Past roles include: Scarpia in Tosca, Secret Police Agent in The Consul, Malatesta in Don Pasquale, Germont in La traviata, Ford in Falstaff, Sharpless in Madama Butterfly, Zurga in Les pêcheurs de perles, Marullo in Rigoletto, Danieli in Das Liebesverbot, Commissario in Madama Butterfly; and, Keeper of the Madhouse in The Rake’s Progress. Mr. Kerr has sung King Hildebrand in Princess Ida with So. Ohio Light Opera; he was engaged by Opera Memphis as the Sacristan and Jailer in Tosca; and sang Carmina Burana with the Las Cruces Symphony and El Paso Chorale.

He has appeared in summer stock with The Barn Theater and Huron Playhouse; and in past productions with the University of Cincinnati College-Conservatory of Music’s Opera Theater and the Music Festival of Lucca, Italy. For three seasons he was a member of the Glimmerglass Opera where he participated in the Young American Artists program. In addition, he was a member of San Francisco Opera’s Merola Opera Program where he received advanced training.

Reviews

La traviata, Prelude to Performance

“Robert Kerr, the baritone singing the role of Germont evinced a full rich voice and did justice to his character and his emotional shifts. His Act II arias bore intense charges. His shame for his son in Act III was palpable. When he embraced Violetta as his daughter in Act IV, we could literally feel his remorse.”

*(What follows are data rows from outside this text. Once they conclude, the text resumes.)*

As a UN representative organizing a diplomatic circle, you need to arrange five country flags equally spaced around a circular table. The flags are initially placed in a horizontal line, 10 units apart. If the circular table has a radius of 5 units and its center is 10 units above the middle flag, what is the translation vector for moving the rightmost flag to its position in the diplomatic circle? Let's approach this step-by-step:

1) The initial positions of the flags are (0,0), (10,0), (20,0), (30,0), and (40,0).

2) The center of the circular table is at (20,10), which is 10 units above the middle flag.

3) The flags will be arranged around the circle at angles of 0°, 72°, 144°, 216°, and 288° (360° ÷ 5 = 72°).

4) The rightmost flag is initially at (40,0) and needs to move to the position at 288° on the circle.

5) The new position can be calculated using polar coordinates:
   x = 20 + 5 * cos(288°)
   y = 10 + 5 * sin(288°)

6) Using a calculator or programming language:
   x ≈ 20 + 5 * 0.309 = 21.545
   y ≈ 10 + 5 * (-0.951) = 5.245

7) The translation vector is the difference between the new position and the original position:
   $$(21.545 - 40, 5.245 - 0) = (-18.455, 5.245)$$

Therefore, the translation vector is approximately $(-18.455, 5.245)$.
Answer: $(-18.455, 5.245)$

— Meche Kroop, Voce di Meche

“The hearty baritone Robert Kerr began his career in musical theater, and that experience showed in his performance of Falstaff. He made words matter and conveyed the self-delusion of this likable laughingstock, a character convinced that his girth is actually an imposing physique with natural appeal for cultured women.“

— Anthony Tommasini, The New York Times

 

Chelsea Hart Melcher

“Her voice is like a cello, with such a deep and beautiful resonance!” – Libby Larsen

“The climaxes are wonderfully secure and exciting to hear. . . and what is also wonderful is her dramatic involvement, which is total — she lives every line.” – Roger Pines (Lyric Opera of Chicago)

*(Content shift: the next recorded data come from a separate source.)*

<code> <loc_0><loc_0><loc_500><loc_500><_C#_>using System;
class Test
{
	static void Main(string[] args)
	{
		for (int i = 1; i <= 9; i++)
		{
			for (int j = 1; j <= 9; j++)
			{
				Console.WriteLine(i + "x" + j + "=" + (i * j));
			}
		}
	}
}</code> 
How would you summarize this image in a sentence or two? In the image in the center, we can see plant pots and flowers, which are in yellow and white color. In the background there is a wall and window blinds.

Chelsea Hart Melcher has been described as “cooly captivating,” “ethereal and sublime,” and “a woman to be reckoned with” onstage. A national finalist in Sherrill Milnes’ “Opera Idol” competition, Melcher earned a Performance Diploma from the Indiana University Jacobs School of Music, a Master of Music from The Ohio State University, and a Bachelor of Music from Central Michigan University. She has worked with numerous symphonies and opera companies across the nation, and was the soprano soloist for the American premiere of Requiem Novum by Mårten Jansson. Melcher has also performed as soloist in Verdi’s Requiem, Strauss’ Vier Letzte Lieder, Handel’s Messiah, Beethoven’s Ninth Symphony, Mass in C and Choral Fantasy, Mahler’s Second Symphony, Dan Forrest’s Requiem for the Living, Michael Haydn’s Requiem in C, Mozart’s Requiem and Coronation Mass, and others. Her operatic roles include Micaëla and Frasquita in Carmen, Fiordiligi in Così fan tutte, Valencienne in The Merry Widow, Donna Elvira in Don Giovanni, Mimi and Musetta in La Bohème, Violetta and Annina in La Traviata, Nedda in I Pagliacci, Maria in The Sound of Music, Adina in L’Elisir d’amore, Suor Genovieffa in Suor Angelica, Butterfly in Madama Butterfly, Norina in Don Pasquale, Mariuccia in I Due Timidi, Female Chorus in The Rape of Lucretia, Lauretta in Gianni Schicchi, and Papagena in Die Zauberflöte. Melcher is director of Opera and Musical Theater at the Capital University Conservatory of Music, and serves on the faculty of Columbus Children’s Theatre. She is the Founder of Vocal Career Academy and Nerves Be Gone Academy, and Co-Founder with her husband Paul Melcher of Red School of Music in suburban Columbus.